0.7	16/20	$y_L$	113.3	0.0365	21.8	0.029	87.83	0.0604	−50.2	0.0135
		$y_0$	87.69	0.0652	115.17	0.3245	n.a.	n.a.	n.a.	n.a.
0.7	19/23	$y_L$	96.09	0.0356	−23.30	0.0496	75.80	0.0193	79.62	0.0218
		$y_0$	75.81	0.0166	−85.73	0.6339	n.a.	n.a.	n.a.	n.a.
0.9	16/20	$y_L$	122.3	0.0124	4.855	0.0251	97.46	0.0281	−14.7	0.0104
		$y_0$	97.30	0.0265	157.25	0.3423	n.a.	n.a.	n.a.	n.a.
0.9	19/23	$y_L$	102.5	unst.	unst.	unst.	82.03	unst.	unst.	unst.
		$y_0$	82.03	unst.	unst.	unst.	unst.	unst.	unst.	unst.

, together with their phase shift and modal constants.

4.7.3. Comparison of LSCEM and LDM for Numerical Simulations

When LDM and LSCEM are compared for the numerical simulations, the damped frequencies obtained with LSCEM differ by less than 1.6% with respect the frequencies obtained with LDM, apart from the case with $p_s$ = 0.3 MPa. The estimations of damping factors differ by much more—up to 80%. This parameter is more sensitive to variations in the air gap and pressure.

5. Comparison between Experimental and Numerical Results

The first critical speed of the spindle was experimentally measured by analyzing the amplitude of the synchronous whirl at different rotational speeds. It was found to be 72 krpm and 94 krpm at gauge supply pressure $p_s$ = 0.5 and 0.7 MPa, respectively. If compared with the theoretical frequencies resulting from the simplified model of Section 4.5, the difference is less than 6%.

The experimental stiffness on the nose at different pressures is lower than the theoretical value calculated near the rotor-centered condition (between 27% and 39% with respect to the theoretical value). Considering that the 30 N external load imposed on the nose involves non-negligible eccentricity ratios on bearings (especially on the front bearing and with low pressure), a non-linear estimation of the stiffness is preferred (see Section 4.4). If compared with the stiffness obtained in this case, the experimental stiffness is more in accordance with the prediction (between 52% and 86% with respect to the theoretical value).

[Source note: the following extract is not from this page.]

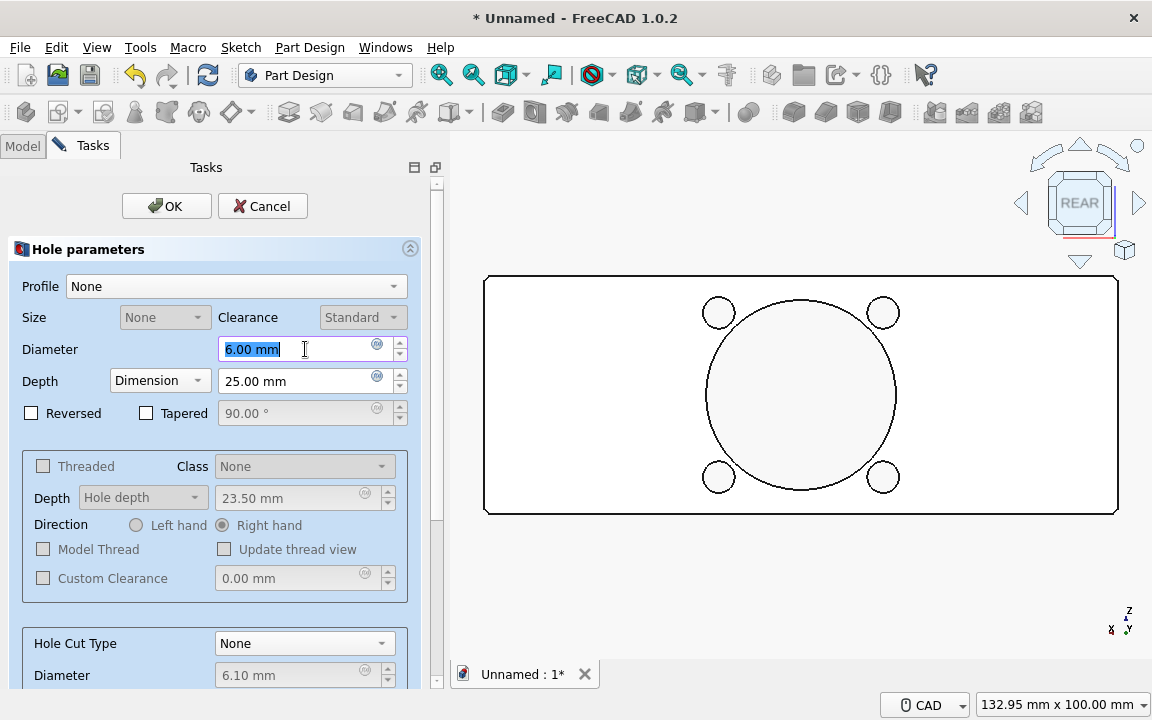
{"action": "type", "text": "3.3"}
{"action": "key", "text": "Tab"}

The experimental damped frequencies and the damping factors evaluated on the shaft vertical vibration at $z=z_L$ are compared with the numerical frequencies in Figure 16. The experimental damped natural frequencies are in good accordance with the numerical frequencies, as they fall in the range defined on the basis of the tolerance considered on the front ($h_f$ = 17.5 ± 1.5 μm) and rear ($h_r$ = 21.5 ± 1.5 μm) clearances. Conversely, the computed experimental damping factors are higher than the numerical simulations. The single-DOF methods were found to be less accurate than LSCEM to capture the modal parameters of experimental signals, especially the damping factors.

6. Conclusions

This paper describes the experimental and numerical investigation of an electro-spindle supported by aerostatic bearings. The numerical model was validated against literature results in the case of plain aerodynamic bearings and against static and dynamic experimental tests carried out on the electro-spindle at null rotational speed. Both single-DOF methods and a multi-DOF method were proposed to estimate the damped natural frequencies and the damping factors. The accuracy of the model results with respect to the experimental data was discussed. In particular, the damping factor evaluated with LSCEM was in good agreement with the experimental data, while the single-DOF methods overestimated it. Future investigations will regard the dynamic behavior of the spindle at different rotational speeds in order to study its unbalance response and stability.